Abstract
Excessive free fatty acid- (FFA-) induced endothelial lipotoxicity is involved in the pathogenesis of atherosclerosis. Endoplasmic reticulum (ER) stress is mechanistically related to endothelial lipotoxicity. Lectin-like oxidized low-density lipoprotein receptor-1 (LOX-1) is the major oxidatively modified low-density lipoprotein (OxLDL) receptor in endothelial cells and is highly abundant in atherosclerotic lesions. Curcumin reduces the LOX-1 expression; however, the mechanism underlying this effect remains unknown. In the current study, we explored whether curcumin ameliorates palmitic acid- (PA-) induced endothelial lipotoxicity and LOX-1 upregulation by reducing ER stress in human umbilical vein endothelial cells (HUVECs).

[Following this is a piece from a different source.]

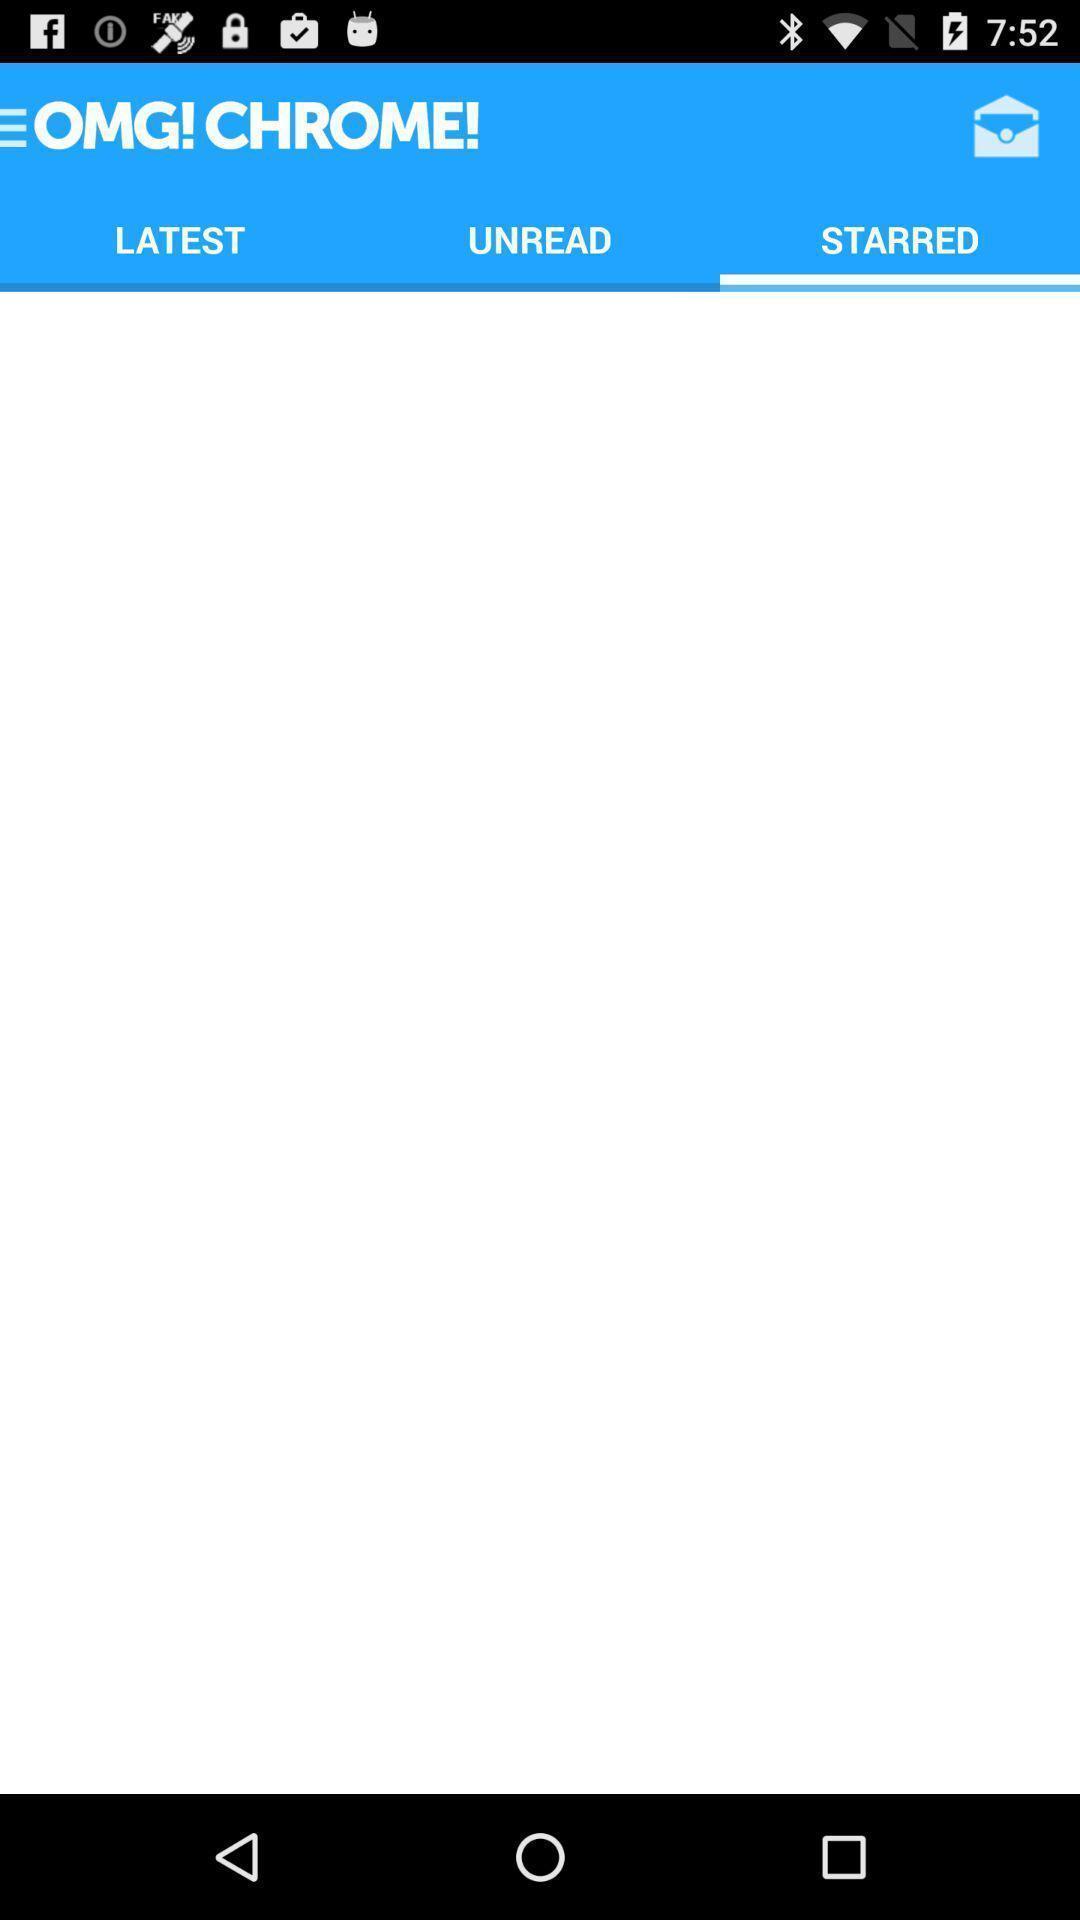Give me a summary of this screen capture. Page shows to list out the starred stories. 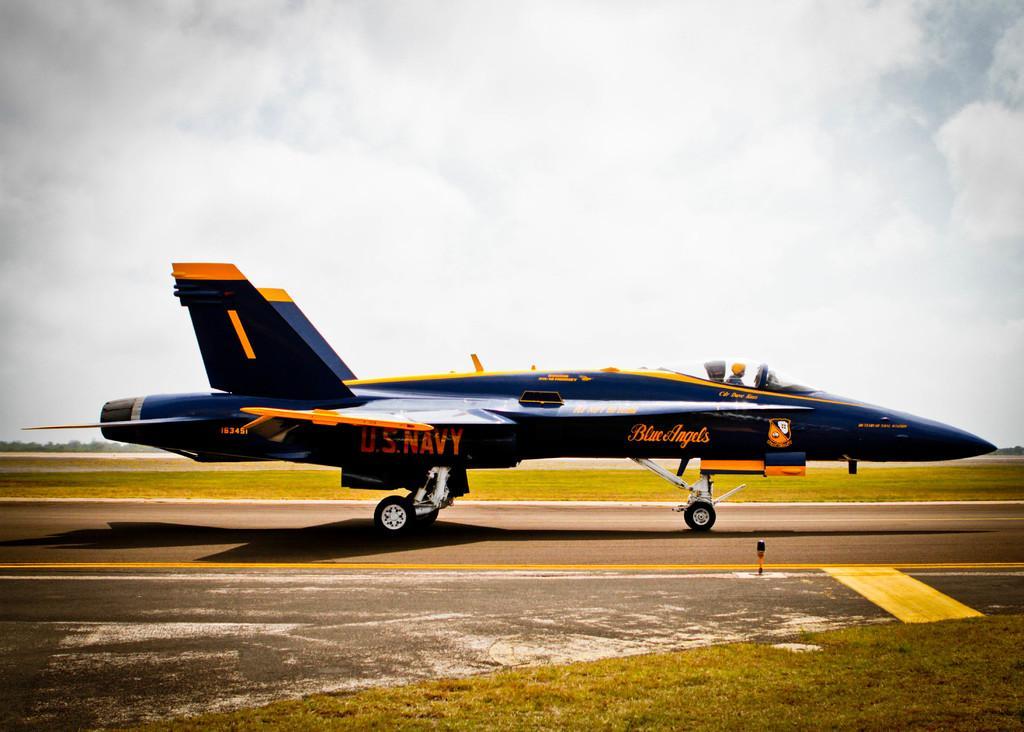How would you summarize this image in a sentence or two? In this image we can see a jet plane standing on the ground. In the background, we can see a cloudy sky.

We built endothelial lipotoxicity in vitro and found that LOX-1 was upregulated after PA stimulation, during which ER stress played an important role. Next, we observed that curcumin substantially alleviated PA-induced lipotoxicity by restoring cell viability, increasing angiogenesis, and decreasing lipid deposition. Furthermore, LOX-1 upregulation in HUVECs was blocked by curcumin, possibly via ER stress suppression. Overall, our findings demonstrated that curcumin alleviates endothelial lipotoxicity and LOX-1 upregulation, and ER stress inhibition may play a critical role in this effect.
1. Introduction
Current hypotheses suggest that high levels of free fatty acids (FFAs) are a risk factor for the pathology of atherosclerosis (AS) [1]. Endothelial cell dysfunction, which is the innermost layer of blood vessels, is considered an early indicator of AS [2]. In a previous study, we showed that palmitic acid (PA) induces lipotoxicity in endothelial cells [3], which contributes to the early phase of AS pathogenesis. However, the roles and detailed mechanisms of FFAs in the pathogenesis of AS remain unclear. LOX-1 was first identified in endothelial cells as the major OxLDL receptor and is highly abundant in atherosclerotic lesions [4]. Excessive binding of Ox-LDL to LOX-1 induces endothelial dysfunction, thus initiating atherosclerosis [5, 6]. PA is a stimulus that activates the LOX-1 expression and induces LOX-1 upregulation in macrophages [7, 8]. Therefore, preventing PA-induced lipotoxicity and LOX-1 upregulation in endothelial cells will contribute to avoiding endothelial damage.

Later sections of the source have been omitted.